> Work required:
Find every line containing the word "Lengths" in the records below; report only how many there are.

> Records for this exercise:
::::::::::
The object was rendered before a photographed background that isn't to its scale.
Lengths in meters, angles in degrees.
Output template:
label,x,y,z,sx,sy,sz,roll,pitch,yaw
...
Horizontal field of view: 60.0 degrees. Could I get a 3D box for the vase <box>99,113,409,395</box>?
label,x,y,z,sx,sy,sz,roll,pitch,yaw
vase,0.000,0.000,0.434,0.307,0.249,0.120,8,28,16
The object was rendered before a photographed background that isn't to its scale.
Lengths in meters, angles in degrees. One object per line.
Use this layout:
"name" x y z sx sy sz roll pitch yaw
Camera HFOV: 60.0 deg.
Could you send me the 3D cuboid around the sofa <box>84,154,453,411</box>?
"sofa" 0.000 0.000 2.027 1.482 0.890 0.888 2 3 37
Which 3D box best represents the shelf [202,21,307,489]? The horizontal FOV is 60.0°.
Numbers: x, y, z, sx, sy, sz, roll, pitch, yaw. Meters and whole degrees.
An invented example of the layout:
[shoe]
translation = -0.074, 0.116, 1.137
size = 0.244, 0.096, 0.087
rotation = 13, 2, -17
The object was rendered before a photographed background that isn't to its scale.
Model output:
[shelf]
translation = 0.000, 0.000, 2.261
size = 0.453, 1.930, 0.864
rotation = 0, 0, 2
::::::::::
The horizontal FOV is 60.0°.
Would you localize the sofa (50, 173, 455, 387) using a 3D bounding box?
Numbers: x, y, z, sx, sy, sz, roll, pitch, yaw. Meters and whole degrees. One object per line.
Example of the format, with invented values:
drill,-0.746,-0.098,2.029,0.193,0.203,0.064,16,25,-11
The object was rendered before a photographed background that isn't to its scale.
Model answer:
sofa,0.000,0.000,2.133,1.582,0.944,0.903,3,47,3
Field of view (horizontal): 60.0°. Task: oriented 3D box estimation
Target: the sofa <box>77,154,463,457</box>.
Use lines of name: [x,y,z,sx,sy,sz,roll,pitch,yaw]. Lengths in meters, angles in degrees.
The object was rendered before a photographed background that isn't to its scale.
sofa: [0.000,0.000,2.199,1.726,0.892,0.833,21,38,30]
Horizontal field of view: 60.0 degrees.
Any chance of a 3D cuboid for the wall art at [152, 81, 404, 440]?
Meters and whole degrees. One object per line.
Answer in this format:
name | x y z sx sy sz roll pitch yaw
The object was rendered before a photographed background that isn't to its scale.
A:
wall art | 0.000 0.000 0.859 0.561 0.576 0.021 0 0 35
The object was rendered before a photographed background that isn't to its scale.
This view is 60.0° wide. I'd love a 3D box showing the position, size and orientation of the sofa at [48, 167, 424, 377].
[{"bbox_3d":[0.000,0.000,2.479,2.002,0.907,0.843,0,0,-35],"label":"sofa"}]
::::::::::
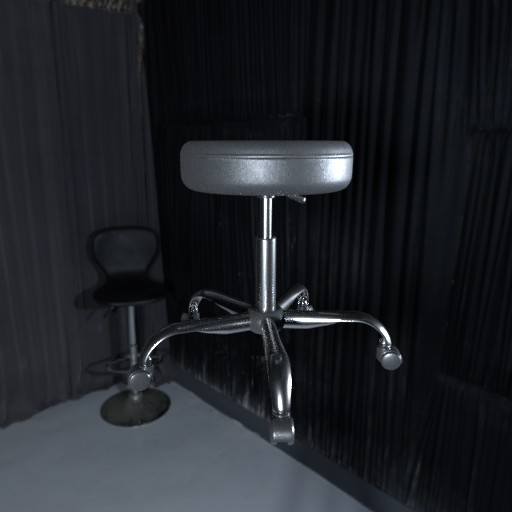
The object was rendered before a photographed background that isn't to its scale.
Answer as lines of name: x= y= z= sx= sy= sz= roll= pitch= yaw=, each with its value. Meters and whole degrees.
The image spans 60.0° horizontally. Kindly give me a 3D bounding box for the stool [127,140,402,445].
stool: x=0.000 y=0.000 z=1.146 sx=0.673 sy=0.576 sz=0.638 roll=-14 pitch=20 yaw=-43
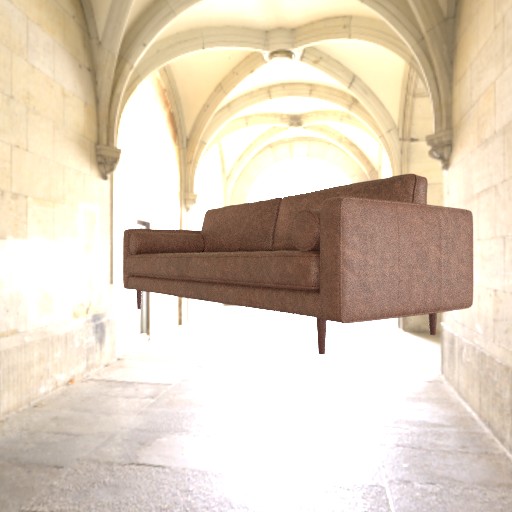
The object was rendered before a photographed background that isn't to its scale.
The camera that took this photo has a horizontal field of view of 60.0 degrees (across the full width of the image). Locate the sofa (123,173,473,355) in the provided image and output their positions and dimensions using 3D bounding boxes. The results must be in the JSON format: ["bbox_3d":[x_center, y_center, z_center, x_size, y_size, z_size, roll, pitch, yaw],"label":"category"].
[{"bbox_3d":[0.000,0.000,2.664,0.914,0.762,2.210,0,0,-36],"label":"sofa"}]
::::::::::
> Written response:
3